A holistic approach to sex education would emphasize the multifaceted nature of sexuality, highlighting its many interconnected dimensions (biological, medical, emotional, social, legal, etc.). However, special attention would be paid to sexual rights. Naturally, this would involve the transmission of knowledge. But it would also require a commitment to improving the social and psychosocial skills of individuals with a view to having an active role played by both the family and the network of health and social work professionals. Given the range of populations involved (migrants, persons seeking assistance, persons with disabilities, children and adolescents, victims of violence, etc.), social workers would appear to constitute the professional group best equipped to support and engage families in the sex education process. Accordingly, this article strongly emphasizes the potential role for social work professionals, highlighting the new frontiers and perspectives they could explore.
Based on a thorough review of the literature, this article identifies three significant shortcomings that the field of social work could help address. I begin by highlighting the need to take a less medicalized approach to FGM/C and sexuality by addressing health concerns alongside other factors better dealt with outside a hospital setting. Second, I address the paradox stemming from a binary opposition between the “private” (family values transmitted by parents responsible for their children's sexual education) and the “public” (social norms related to sexuality transmitted by health and social professionals) by exploring inequalities from the perspective of a family's origins and cultural circumstances. Finally, the third section of the article considers notions of gender equality, consent, and sexual self-determination in terms of the need to foster democratic and participatory forums for discussing sexual and gender norms.
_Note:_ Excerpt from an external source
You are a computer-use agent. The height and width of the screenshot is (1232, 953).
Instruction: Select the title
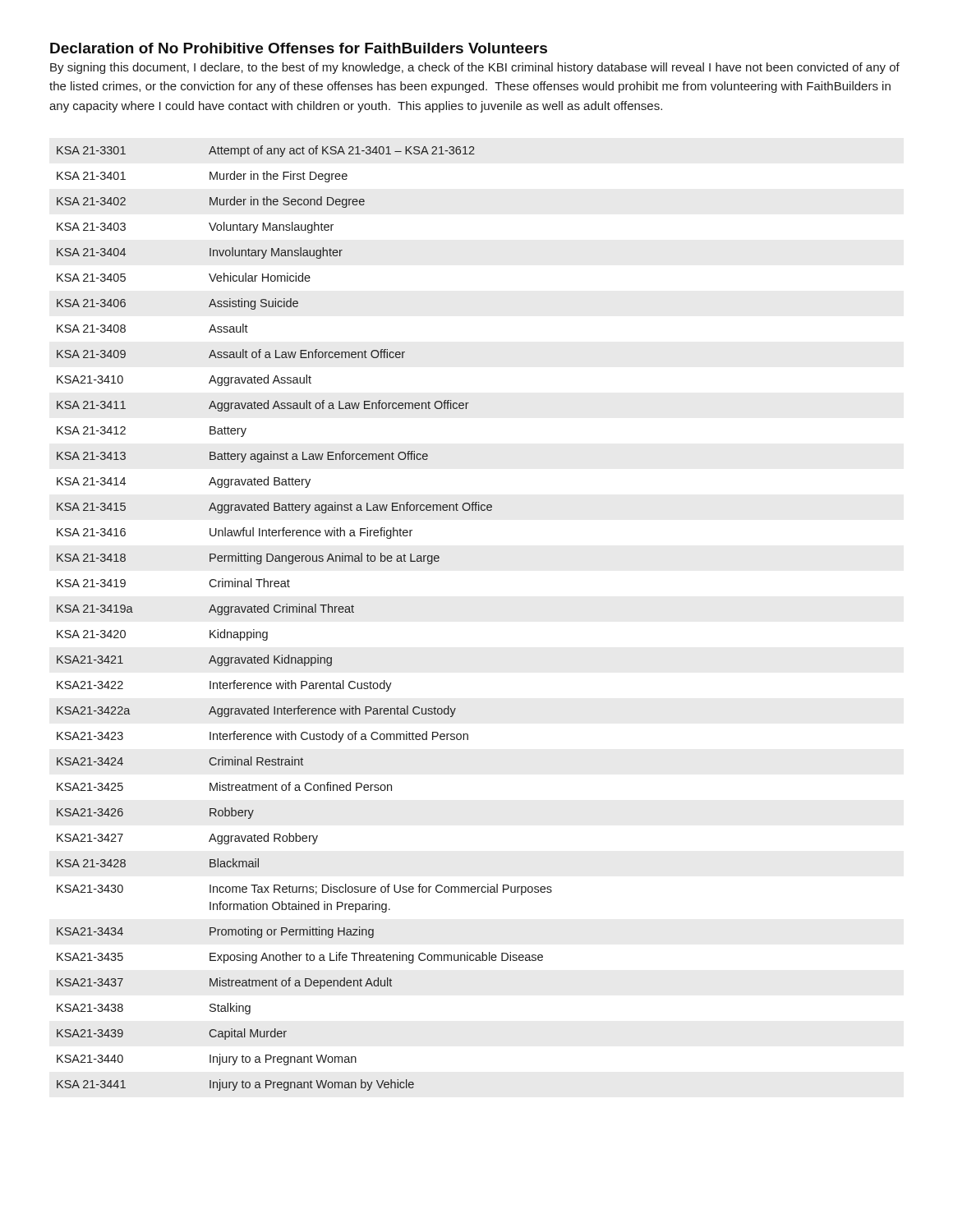click(x=298, y=48)

2. Shortcomings in responses to FGM/C
With the aim of identifying shortcomings in responses to FGM/C, I undertake a purposive literature review with a focus on articles that have analyzed the practice in relation to gender and sexual norms. Based on their potential to help define a larger role for social work, I primarily discuss studies that analyze responses to FGM/C in diasporic contexts (i.e., in the Global North). Nevertheless, the critical discussion presented below also draws on some recent work undertaken in the Global South to better contextualize the challenges faced as well as the ways in which social work could help meet them. And recognizing the similarities between social work and development cooperation efforts, I draw some parallels between experiences in the two domains.
I primarily relied on the Web of Science platform to establish the body of texts to be reviewed. I began by searching for the terms “female genital mutilation” (Topic) and “social work” (All Fields) in peer-reviewed articles published in English. I went on to review the 111 results, retaining articles dealing with the relationship between FGM/C and social or health interventions, and setting aside those focused on surgical techniques or gynecological issues. Nevertheless, several examples of medical literature were retained insofar as they addressed sociocultural issues and/or question of legal and medical ethics. Seeking out interdisciplinary approaches, I selected a final set of 31 articles published in journals reflecting a range of disciplinary perspectives. Falling under the category of Public Environmental Occupational Health, 45% of the retained articles directly analyzed social and health interventions related to FGM/C. Overall, I considered 16 examples of social science and policy research or applied research in education, communication, etc.; two studies in the field of law and criminology; and 13 articles from various branches of medical research. Figure 1 illustrates the distribution of articles and journals by discipline.
Figure 1. Body of texts analyzed on the Web of Science platform (Diagram generated by © 2023 Clarivate).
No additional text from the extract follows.